GoPay subsequently expanded its services to include consumer financial products such as pay-later services, lending, and savings access.

A key milestone was Gojek’s investment in Bank Jago, where it increased its stake to approximately 22%.

The partnership linked GoPay's digital wallet services with Bank Jago's banking infrastructure.

The collaboration later expanded through GoPay Tabungan by Jago, which allowed users to access savings accounts and banking services directly within the GoPay and Gojek applications, linking wallet-based payments with digital banking functions.

The ecosystem supporting Gojek and GoPay also attracted investment from global technology and financial companies including Google, Facebook, PayPal, and Tencent, amid growing international interest in Southeast Asia’s digital economy.

=== Formation of GoTo ===

In 2021, Gojek merged with Tokopedia to form GoTo, creating one of Southeast Asia’s largest technology groups in a merger reportedly valued at approximately $18 billion. The merger combined ride-hailing, e-commerce, and financial services into a single ecosystem, and GoPay became part of GoTo Financial, expanding its role across ride-hailing, commerce, lending, and digital banking services within the GoTo ecosystem.

In 2023, GoPay was launched as a standalone application outside the main Gojek app, allowing users to access GoPay services independently of Gojek's transportation services. The standalone app was introduced to expand access beyond Gojek users and improve access to financial services, particularly for users outside the core GoTo ecosystem.

== Services and operations ==

GoPay’s services span payments, consumer finance, merchant enablement, and financial services integration within the GoTo ecosystem.

=== Payments infrastructure ===

GoPay supports digital transactions across online and offline merchants, including QR-based payments using Indonesia’s national QRIS standard.
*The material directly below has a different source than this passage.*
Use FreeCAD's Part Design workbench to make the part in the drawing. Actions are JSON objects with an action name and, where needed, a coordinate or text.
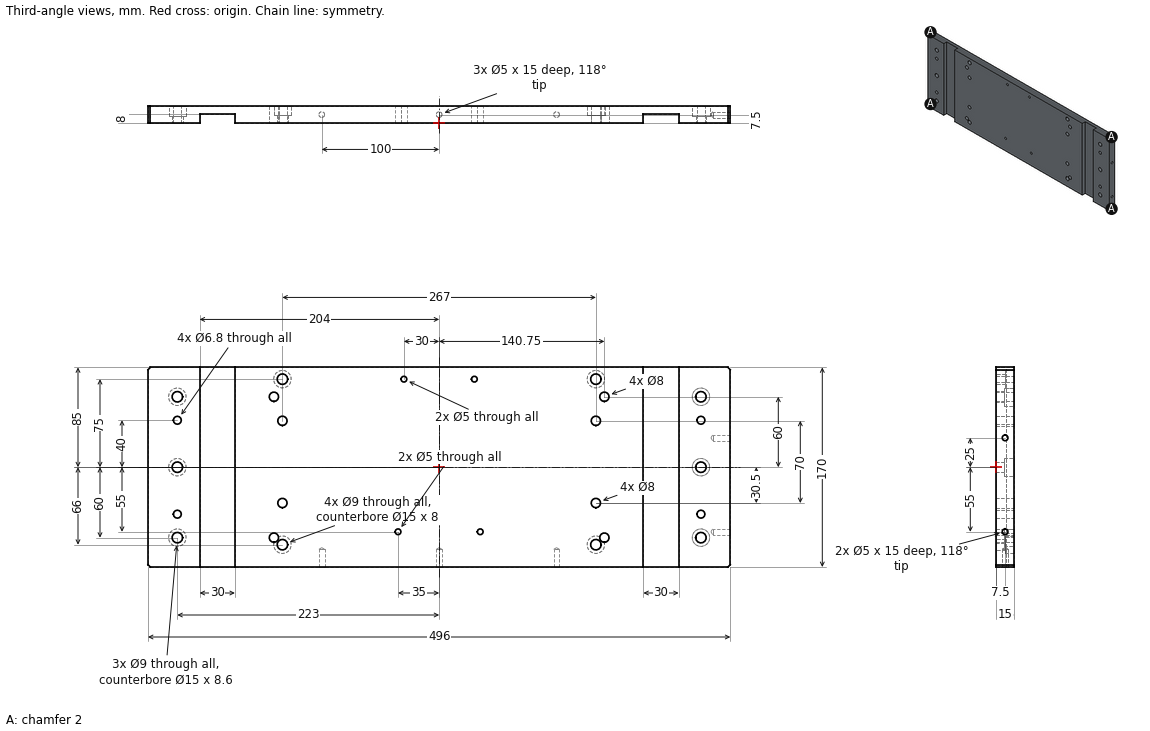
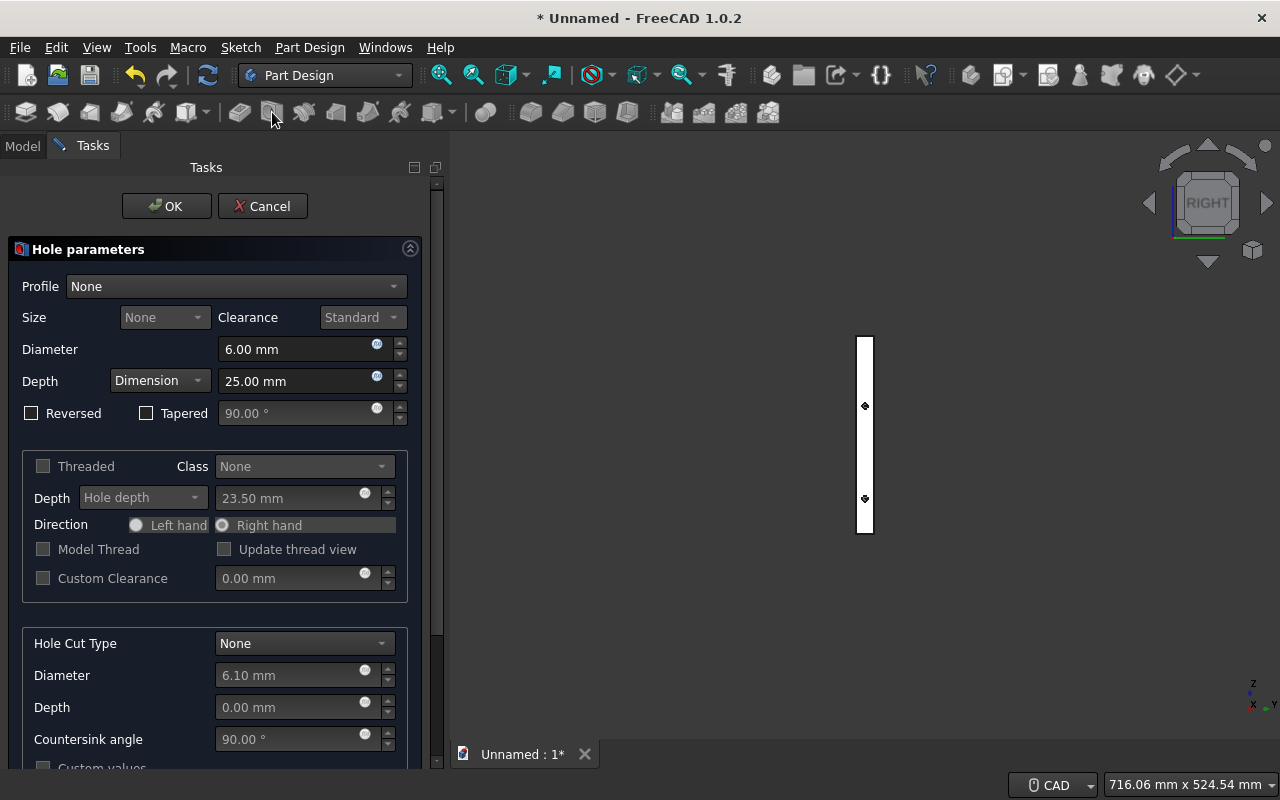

This followed its earlier transition from internal platform payments to open-loop merchant payments across a wider retail network.

At the time of the 2017 acquisitions, Gojek's payment business processed more than 100 million transactions per month.

=== Financial services expansion ===

GoPay expanded beyond payments into consumer financial services including lending, pay-later services, savings access, and digital banking integration. Reuters reported that Bank Jago, in which Gojek held a stake through its fintech arm GoPay, planned to allow users to open and manage bank accounts directly from the Gojek app, while also expanding access to lending through partnerships with peer-to-peer lenders and savings via investment fintechs.

Its lending services included products such as GoPay Later and GoPay Pinjam, with GoTo reporting that consumer loans outstanding principal from these lending products reached approximately Rp7.6 trillion in 2025.

GoPay also expanded into digital investment services through collaboration with investment platform Pluang and later into insurance-related products.

=== Ecosystem integration ===

GoPay provides payment services across the GoTo ecosystem, including mobility, food delivery, and e-commerce services such as Tokopedia.

GoTo also used loyalty and rewards mechanisms, including points-based programs, across its services.

GoPay's integration of payments and financial services was part of a broader trend among Southeast Asian super apps, which commonly combined multiple transactional functions, including payments and financial services.

=== Merchant services ===

GoPay’s development has also been supported by investments in merchant infrastructure. In 2020, Gojek acquired point-of-sale platform Moka for approximately $130 million, to expand its payment ecosystem for small and medium-sized businesses. The acquisition combined Moka's point-of-sale services with Gojek's payment and other merchant services.

== Market position ==

GoPay operates in Indonesia and competes with other payment services associated with ride-hailing and e-commerce platforms, including Grab, OVO, DANA, and ShopeePay.

A 2020 survey reported GoPay as the most-used mobile wallet among respondents in Indonesia.

== Industry landscape ==

According to the e-Conomy Southeast Asia 2024 report by Google, Temasek, and Bain & Company, Southeast Asia's digital economy generated more than $260 billion in gross merchandise value in 2024, with Indonesia accounting for approximately $90 billion.